Otro documental que luego de casi una década de trabajo pudo concluirse es El emperador de Michoacán, bajo la dirección de James Ramey y Arturo Pimentel, que tuvo su estreno en el FICM pero fuera de competencia. Es un acercamiento a la cultura purépecha antes de la Conquista, concentrado principalmente en la celebración del Fuego Nuevo.

Aunque se produjo en 2018, este año el cortometraje Amarte a morir (Frank Rodríguez) fue seleccionado a varios encuentros internacionales como el Phalke Film Festival, Festival Internacional de Cine Universitario de Buenos Aires, Best of Latin America Short Film Festival, Festival Iberoamericano de Cortometrajes y el Festival Internacional de Cine de Tukuru, entre otros.

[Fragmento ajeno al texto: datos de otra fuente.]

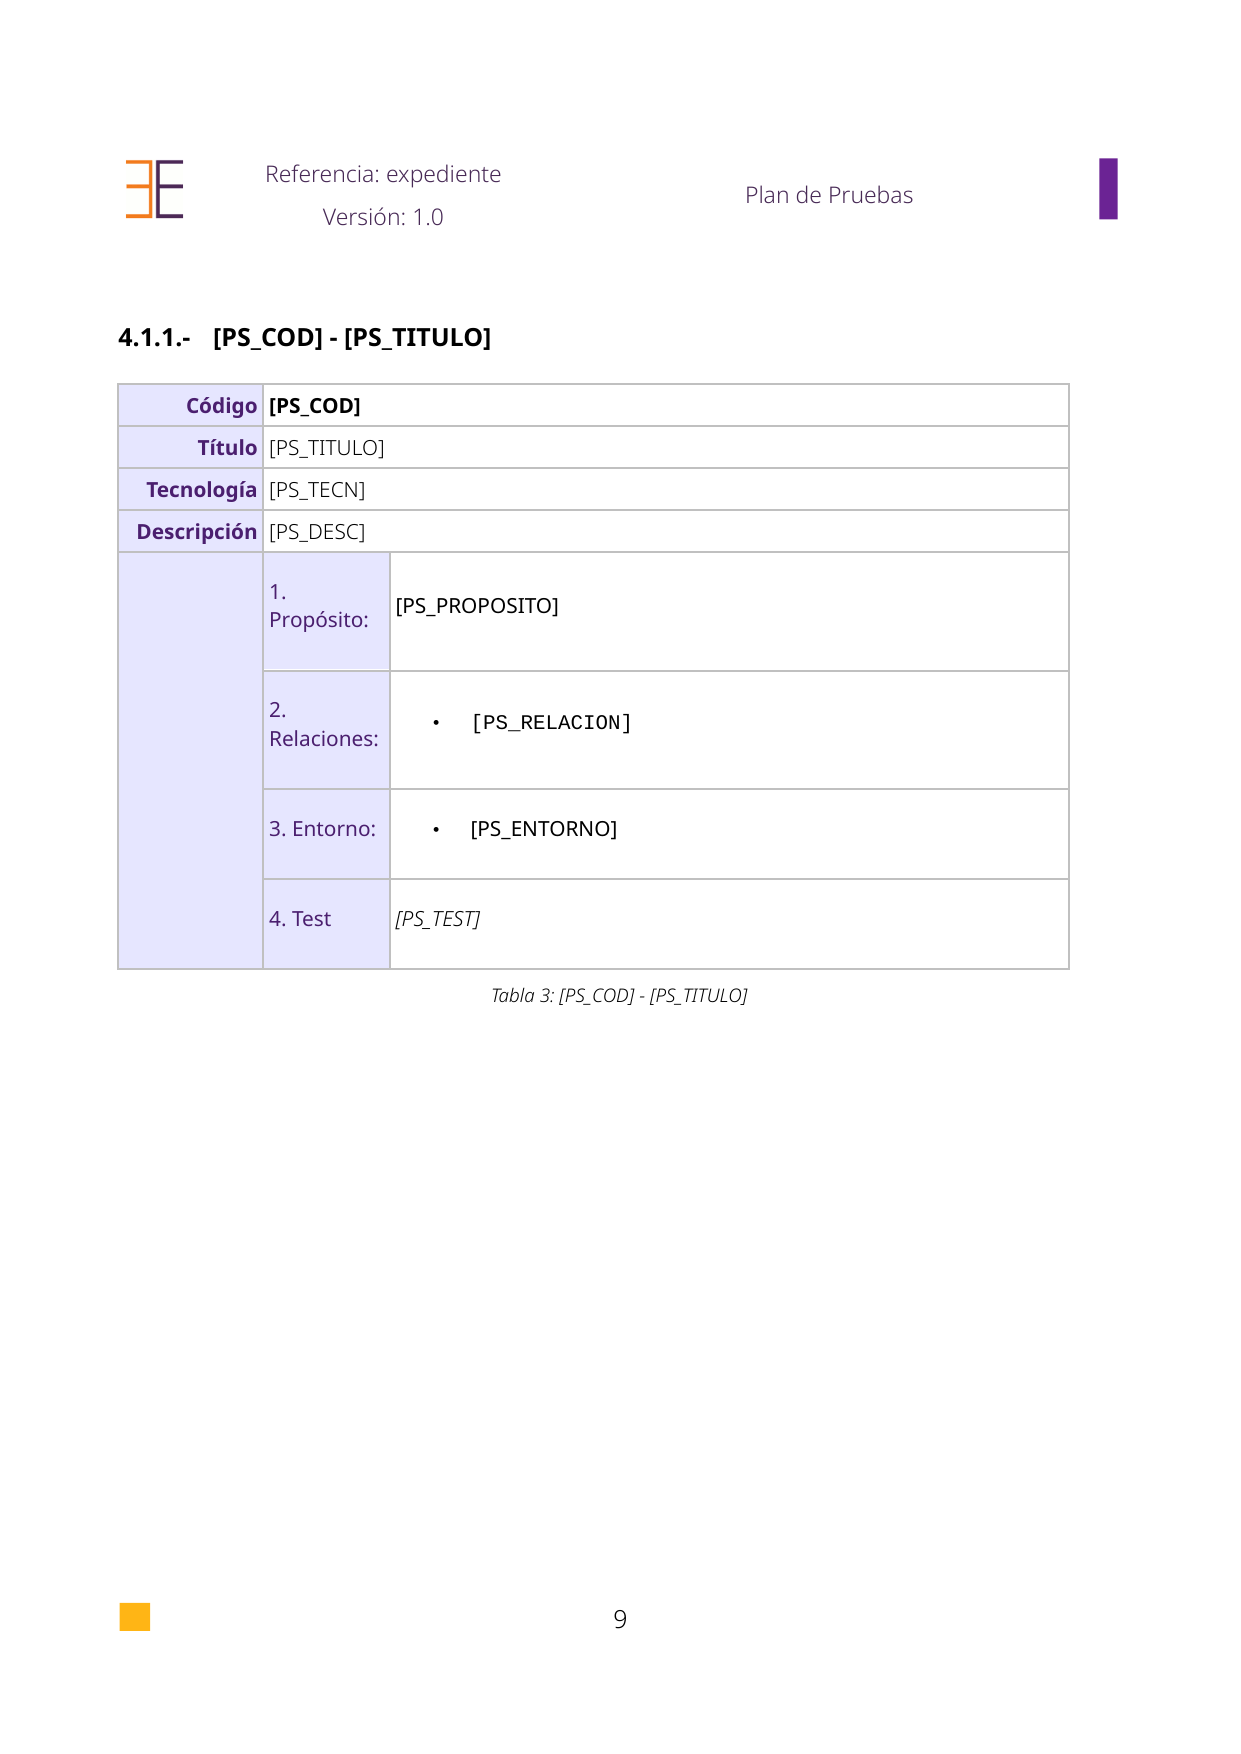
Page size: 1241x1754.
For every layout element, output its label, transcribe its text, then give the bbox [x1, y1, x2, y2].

Parte de la producción audiovisual también se desarrolla en los circuitos académicos. La Universidad Vasco de Quiroga (Uvaq) produjo un total de cuatro cortometrajes de ficción, cuatro de documental y 28 cineminutos, varios de ellos seleccionados para su propio festival, cuya edición número 12 se desarrolló en junio de este año, además de estar en otras muestras como Dulcísimo Ovario, Hidalgo Film Fest, Festival Metropolitano de la UAM y Festival Internacional de cine de Panamá.

FESTIVALES Y ESCUELAS

El año que termina vio casi extinguirse al festival de cine de terror, ciencia ficción y fantasía Feratum, que ante la falta de apoyos apenas pudo proyectar una pequeña nuestra retrospectiva en Tlalpujahua. En tanto, Morelia fue la sede del festival de horror Animal Film Fest, cuya primera edición premió al cortometraje michoacano Mometzcopinqui, de Héctor Daniel Pérez Aguilera.

Apatzingán tuvo su primer festival a mediados de año y ya anunció la continuidad para 2020, mientras que el Festival Internacional de Cine Independiente de Paracho cumplió su quinto capítulo.

Fotoviva, la misma Universidad Vasco de Quiroga y el Instituto Mexicano de Investigaciones Cinematográficas y Humanísticas (Imich) son las principales escuelas de enseñanza cinematográfica en el estado, mientras que espacios como Jeudi 27, Giraluna, la Casa Natal de Morelos y Solaris programaron de forma constante películas de realizadores locales, nacionales e internacionales.